Ⅰ. Configuration: The `audit_gemini.py` Script

The foundation of MindX's Gemini integration is the scripts/audit_gemini.py utility. This is an offline tool run by an operator to establish a ground truth of available models and their capabilities. It acts as the bridge between the models offered by the Google API and the configuration the MindX system uses at runtime.

Purpose and Workflow

The primary purpose of the script is to automate the tedious and error-prone process of keeping the system's model configuration up-to-date.
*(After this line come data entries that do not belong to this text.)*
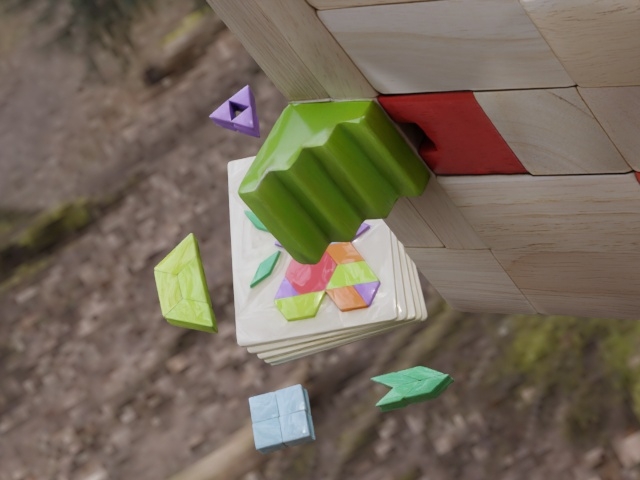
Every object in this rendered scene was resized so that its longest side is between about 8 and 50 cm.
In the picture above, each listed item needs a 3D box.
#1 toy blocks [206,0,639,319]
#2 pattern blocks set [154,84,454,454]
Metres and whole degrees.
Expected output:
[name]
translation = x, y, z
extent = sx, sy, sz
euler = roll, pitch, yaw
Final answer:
[toy blocks]
translation = 0.101, -0.093, 0.724
extent = 0.261, 0.381, 0.190
euler = 0, 52, 42
[pattern blocks set]
translation = 0.000, 0.000, 1.574
extent = 0.285, 0.325, 0.026
euler = -25, -28, 7
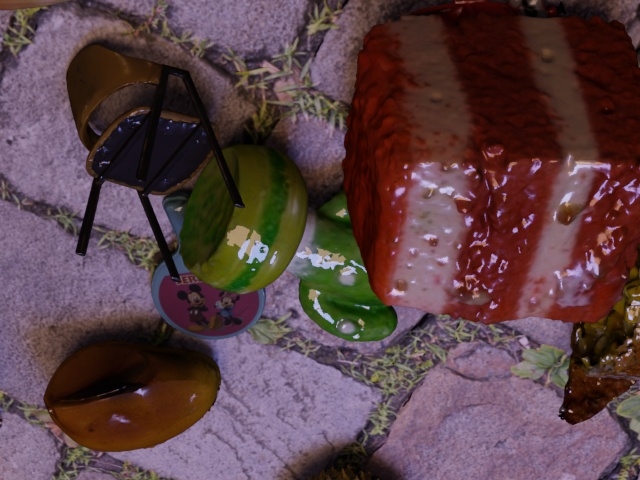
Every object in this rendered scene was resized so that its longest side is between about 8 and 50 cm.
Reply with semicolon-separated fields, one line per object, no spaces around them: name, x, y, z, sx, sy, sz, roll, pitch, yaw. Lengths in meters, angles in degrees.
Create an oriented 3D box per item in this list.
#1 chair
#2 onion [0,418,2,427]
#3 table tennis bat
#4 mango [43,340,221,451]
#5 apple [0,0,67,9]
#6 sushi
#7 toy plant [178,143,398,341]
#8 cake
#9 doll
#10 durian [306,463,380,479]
chair;-0.213;-0.107;1.830;0.172;0.247;0.159;17;135;-30
onion;-0.569;0.218;2.084;0.273;0.285;0.273;7;102;34
table tennis bat;-0.158;0.037;2.014;0.153;0.040;0.244;-7;127;10
mango;-0.251;0.209;2.079;0.236;0.136;0.166;-12;136;6
apple;-0.329;-0.416;1.510;0.347;0.391;0.391;-12;132;-35
sushi;0.386;0.086;1.940;0.179;0.167;0.296;7;136;-19
toy plant;0.000;0.000;1.917;0.316;0.184;0.224;20;106;-26
cake;0.195;-0.078;1.724;0.320;0.270;0.269;0;135;-7
doll;0.200;-0.250;1.779;0.169;0.057;0.109;-19;122;17
durian;0.038;0.419;2.197;0.183;0.138;0.249;38;121;20
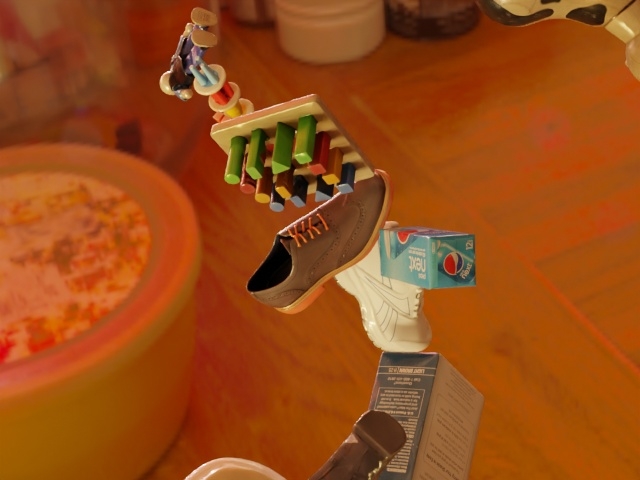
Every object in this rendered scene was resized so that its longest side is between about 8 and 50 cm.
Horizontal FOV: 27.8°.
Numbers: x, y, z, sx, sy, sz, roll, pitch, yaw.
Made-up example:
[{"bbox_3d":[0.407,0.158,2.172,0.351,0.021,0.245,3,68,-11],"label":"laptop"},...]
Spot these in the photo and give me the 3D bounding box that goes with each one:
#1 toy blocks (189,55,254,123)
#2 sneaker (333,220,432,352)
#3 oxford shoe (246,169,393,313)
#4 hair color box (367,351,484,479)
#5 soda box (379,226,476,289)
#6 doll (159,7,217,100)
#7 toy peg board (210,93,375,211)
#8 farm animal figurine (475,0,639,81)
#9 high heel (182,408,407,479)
[{"bbox_3d":[-0.142,-0.197,1.916,0.054,0.148,0.123,-26,57,10],"label":"toy blocks"},{"bbox_3d":[0.120,0.082,2.091,0.129,0.297,0.111,-13,45,25],"label":"sneaker"},{"bbox_3d":[0.000,0.000,1.887,0.271,0.098,0.097,-50,51,16],"label":"oxford shoe"},{"bbox_3d":[0.128,0.352,1.867,0.105,0.174,0.347,-2,61,33],"label":"hair color box"},{"bbox_3d":[0.143,0.022,1.772,0.067,0.071,0.210,-3,4,-16],"label":"soda box"},{"bbox_3d":[-0.204,-0.281,1.987,0.046,0.189,0.129,8,63,-20],"label":"doll"},{"bbox_3d":[-0.039,-0.091,1.674,0.161,0.160,0.079,-14,49,27],"label":"toy peg board"},{"bbox_3d":[0.282,-0.168,0.807,0.326,0.172,0.330,6,-6,-36],"label":"farm animal figurine"},{"bbox_3d":[-0.059,0.220,0.848,0.093,0.186,0.261,46,35,19],"label":"high heel"}]
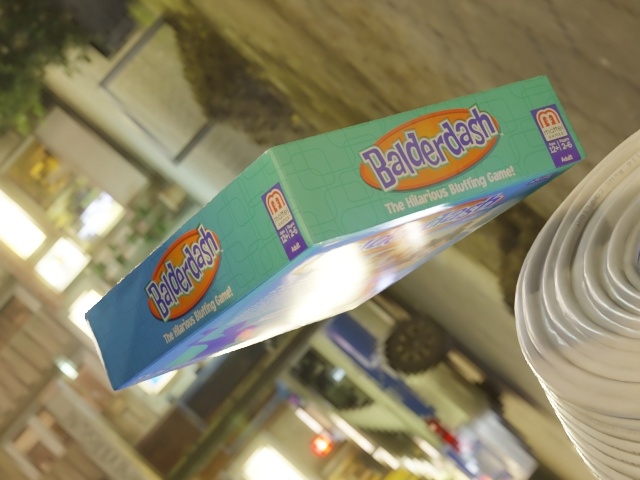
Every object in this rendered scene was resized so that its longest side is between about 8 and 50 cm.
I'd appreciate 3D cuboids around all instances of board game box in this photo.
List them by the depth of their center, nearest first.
[{"bbox_3d":[0.000,0.000,0.730,0.210,0.160,0.047,-36,75,53],"label":"board game box"}]

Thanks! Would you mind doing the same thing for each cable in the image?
[{"bbox_3d":[0.222,0.016,0.782,0.257,0.257,0.089,-17,124,32],"label":"cable"}]
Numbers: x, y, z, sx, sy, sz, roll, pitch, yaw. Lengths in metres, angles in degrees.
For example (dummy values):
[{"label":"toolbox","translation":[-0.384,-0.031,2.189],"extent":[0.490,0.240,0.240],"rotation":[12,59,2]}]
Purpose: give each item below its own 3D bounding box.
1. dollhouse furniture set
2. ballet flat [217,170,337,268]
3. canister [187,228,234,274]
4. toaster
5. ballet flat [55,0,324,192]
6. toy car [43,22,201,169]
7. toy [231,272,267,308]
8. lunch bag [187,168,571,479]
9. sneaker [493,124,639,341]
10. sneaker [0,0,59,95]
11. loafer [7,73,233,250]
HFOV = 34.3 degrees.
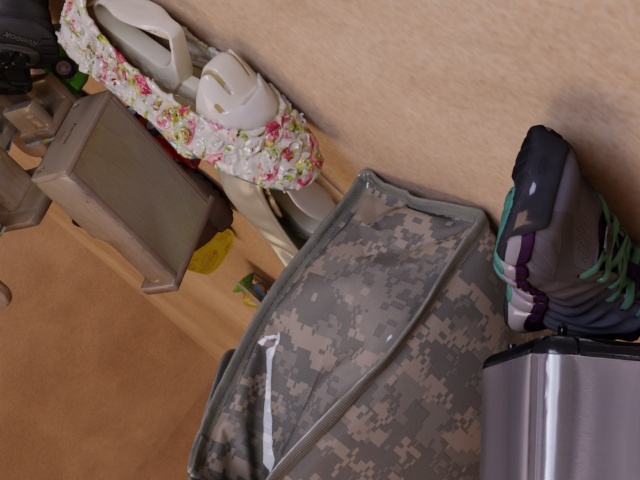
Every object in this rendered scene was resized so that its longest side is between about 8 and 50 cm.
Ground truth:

Discovery: The script connects to the Google Gemini API using the GEMINI_API_KEY from the .env file and queries for a complete list of all models accessible to that key.
Capability Assessment: For each discovered model, it performs a series of live tests to verify its actual, operational capabilities. This is crucial because a model may be listed by the API but not enabled for a specific function. The core capabilities tested are:

- Text Generation: Can the model respond to a simple text prompt? - Vision (Multimodal): Can the model process an image as part of a prompt? - Embedding: Can the model be used to generate text embeddings?

Configuration Generation: Based on the results of the audit, the script's primary function (--update-config) is to generate or update the central models/gemini.yaml configuration file. It intelligently merges the new findings with any existing manual configurations (like task_scores), ensuring that human-provided data is preserved while technical data is refreshed.

Command-Line Usage

The script is invoked from the project root:

To run a full audit and generate a JSON report:

    python3 scripts/audit_gemini.py --test-all

This produces a timestamped .json file in data/gemini/ with the detailed results of the audit.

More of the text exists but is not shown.